La ruse du « philanthrocapitalisme »

À cette nuance près que Vandana Shiva assume une approche résolument politique et macroéconomique, bien au-delà de la seule question agricole. Pour elle, les pesticides ne sont que le symptôme d’un mal bien plus profond : « Les années qui nous ont donné les produits chimiques qui détériorent l’agriculture ont aussi donné une mesure de méthode nocive : le PIB, qui ne mesure que ce qui a été transformé en marchandise. » Dans son dernier ouvrage traduit en français, 1 %. Reprendre le pouvoir face à la toute-puissance des riches (Rue de l’échiquier, 2019), elle dénonce cette « économie dominée par les 1 % [qui] n’est pas au service du peuple et de la nature ». Elle développe notamment le concept de « philanthrocapitalisme », dernière trouvaille de l’oligarchie pour dissimuler de nouveaux moyens de contrôle et d’accaparement derrière les atours de la charité. Avec une figure toute trouvée pour incarner cette ruse : Bill Gates. « Il utilise les technologies digitales comme nouveau moyen pour faire entrer les brevets. La première génération d’OGM n’a pas tenu ses promesses, mais il continue de mettre de l’argent pour financer l’édition du génome – comme si la vie n’était qu’un copier-coller, comme sur Word », analyse-t-elle.

En janvier prochain, c’est le premier livre de Vandana Shiva qui sera publié en France. Restons vivantes date de 1988 et n’a jusqu’alors jamais été traduit dans notre langue, malgré la place de son autrice dans le panthéon féministe. « Vandana Shiva [y] met en lumière les liens qui existent entre le colonialisme, la domination de la nature et l’oppression des femmes dans la société contemporaine.

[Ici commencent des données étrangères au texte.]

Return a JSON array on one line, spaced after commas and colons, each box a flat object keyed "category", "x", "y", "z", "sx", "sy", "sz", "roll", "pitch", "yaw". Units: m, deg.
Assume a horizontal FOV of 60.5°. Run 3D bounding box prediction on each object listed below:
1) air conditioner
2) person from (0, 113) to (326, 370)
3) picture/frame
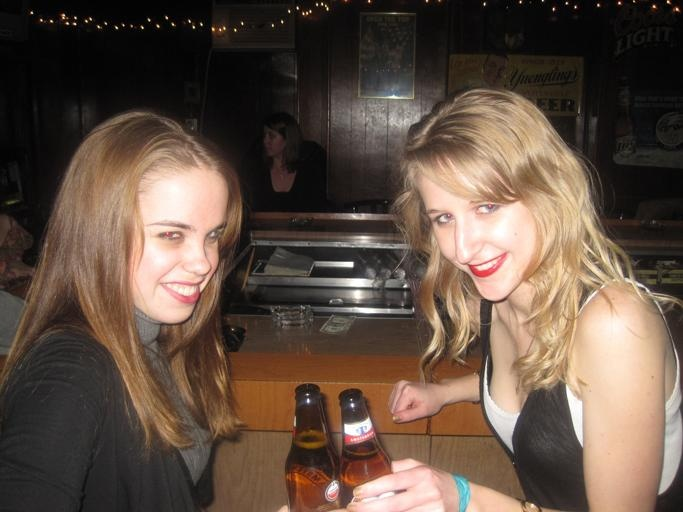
[{"category": "air conditioner", "x": -0.815, "y": -2.163, "z": 5.787, "sx": 0.848, "sy": 0.408, "sz": 0.544, "roll": 0, "pitch": 1, "yaw": 0}, {"category": "person", "x": -0.435, "y": 0.025, "z": 1.898, "sx": 0.750, "sy": 0.994, "sz": 0.787, "roll": 1, "pitch": 6, "yaw": -3}, {"category": "picture/frame", "x": 0.432, "y": -2.026, "z": 5.750, "sx": 0.861, "sy": 1.051, "sz": 0.039, "roll": 0, "pitch": 22, "yaw": -2}]

Elle développe une critique radicale du modèle occidental d’essor technologique : le développement présenté comme un futur souhaitable pour le monde entier est en réalité un “mal-développement”, construit sur l’asservissement et l’exploitation des femmes et de la nature », résume Thomas Bout, cofondateur de Rue de l’échiquier, éditeur français de la militante. Trois décennies plus tard, ce message semble toujours aussi pertinent, comme une preuve de l’actualité des combats de Vandana Shiva.